Task item:
Could you copy exactly the lines from the one containing "B. Blue with white stripes." through the last line of the records below, and nothing else?
BEGIN Dataset extract
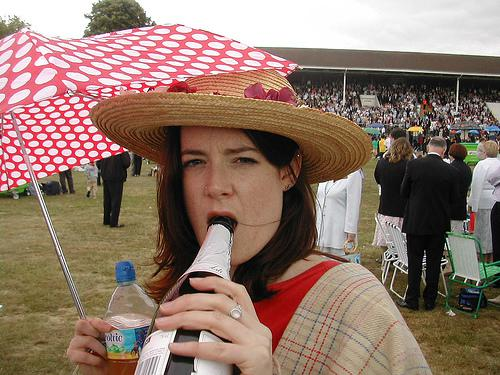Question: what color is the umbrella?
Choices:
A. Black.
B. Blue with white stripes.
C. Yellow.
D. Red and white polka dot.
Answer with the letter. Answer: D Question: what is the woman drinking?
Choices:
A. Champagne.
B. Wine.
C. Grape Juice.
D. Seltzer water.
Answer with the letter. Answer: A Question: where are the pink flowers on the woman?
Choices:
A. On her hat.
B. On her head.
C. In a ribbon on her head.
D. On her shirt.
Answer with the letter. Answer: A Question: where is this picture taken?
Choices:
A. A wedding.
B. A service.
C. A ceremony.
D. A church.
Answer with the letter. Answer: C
END Dataset extract
Written reply:
B. Blue with white stripes.
C. Yellow.
D. Red and white polka dot.
Answer with the letter. Answer: D Question: what is the woman drinking?
Choices:
A. Champagne.
B. Wine.
C. Grape Juice.
D. Seltzer water.
Answer with the letter. Answer: A Question: where are the pink flowers on the woman?
Choices:
A. On her hat.
B. On her head.
C. In a ribbon on her head.
D. On her shirt.
Answer with the letter. Answer: A Question: where is this picture taken?
Choices:
A. A wedding.
B. A service.
C. A ceremony.
D. A church.
Answer with the letter. Answer: C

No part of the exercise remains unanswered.